How to implement search as you type feature withSpring Boot and Elasticsearch?
In this tutorial, we will see how to implement a search as you type feature using Spring Boot and Elasticseach. Elastic nodes will be created using a docker-compose.yml file. Also, a simple Angular application is added so that we can see the feature in action.
To get a running environment, I will use Docker Desktop for Windows (when Docker Desktop is installed, you will have Docker Engine, Docker CLI client and Docker Compose), Spring Tool Suite (STS), GitBash, Visual Studio Code, Postman and Kibana (developer tools) on a Windows 10 machine.
We will have 4 steps. Firstly, we will create a Elasticsearch cluster using docker-compose.yml file. The next step will be creating a sample index and posting sample documents into Elasticsearch. Then we will create a Spring Boot application. This application will be querying Elasticsearch cluster and expose some APIs. Lastly, an Angular application will present the search as you type feature in action.
Step 1: Create a Elasticsearch cluster
I used a ready-to-use docker-compose.yml file which is created by Elastic itself. If you want to go in details, you can visit https://www.elastic.co/guide/en/elasticsearch/reference/current/docker.html. You can also get the docker file from here, https://github.com/horasan/3-product-menu-app/blob/main/docker-compose.yml.
Create a directory for this tutorial and copy the docker-compose.yml file in it. Go to the directory in GitBash and run docker-compose up command (in my case it took 5 minutes to get a running Elastic cluster).
You can check the containers using docker compose ps. You should see all the containers are in running status.

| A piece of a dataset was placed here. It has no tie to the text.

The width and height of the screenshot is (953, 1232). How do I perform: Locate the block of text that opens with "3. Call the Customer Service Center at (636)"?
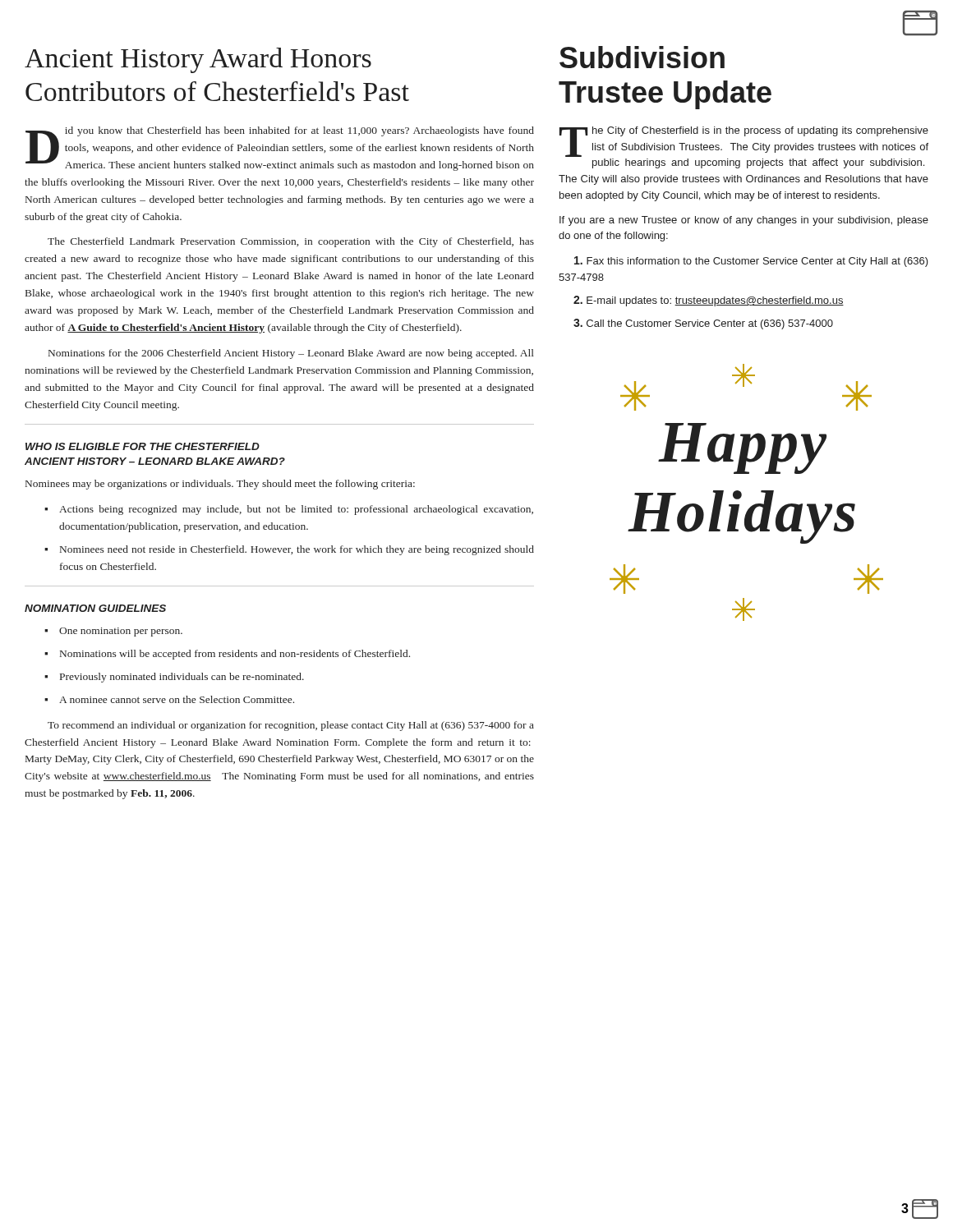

As you can see in the docker-compose.yml file, a node (es01) is exposing port 9200. We can use this port to query Elasticsearch. Open Postman and make a GET request to http://localhost:9200/_cat/nodes?v&pretty as follows. You should see all 3 nodes in the response.

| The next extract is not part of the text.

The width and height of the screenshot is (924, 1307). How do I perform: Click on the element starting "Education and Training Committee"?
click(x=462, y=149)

Now we have a running Elasticsearch cluster with 3 nodes which can be queried on port 9200.
Step 2: Create an index and post some documents.
When you run docker compose ps command (in the docker-compose.yml file folder), you notice that there is a service called “kib01” on port 5601. This is Kibana instance, and it is exposed on port 5601. You can reach via your browser http://localhost:5601.

Now in Kibana, go to Dev Tools under Management section.

Dev Tools is an easy-to-use playground for Elasticsearch and indices. Here, https://github.com/horasan/3-product-menu-app/blob/main/index_menu-tree-finder-v3.txt, copy-paste the content of the index_menu-tree-finder-v3.txt file and run the script. You will get “acknowledged” : true response. Now an index (named menu-tree-finder-v3) is created.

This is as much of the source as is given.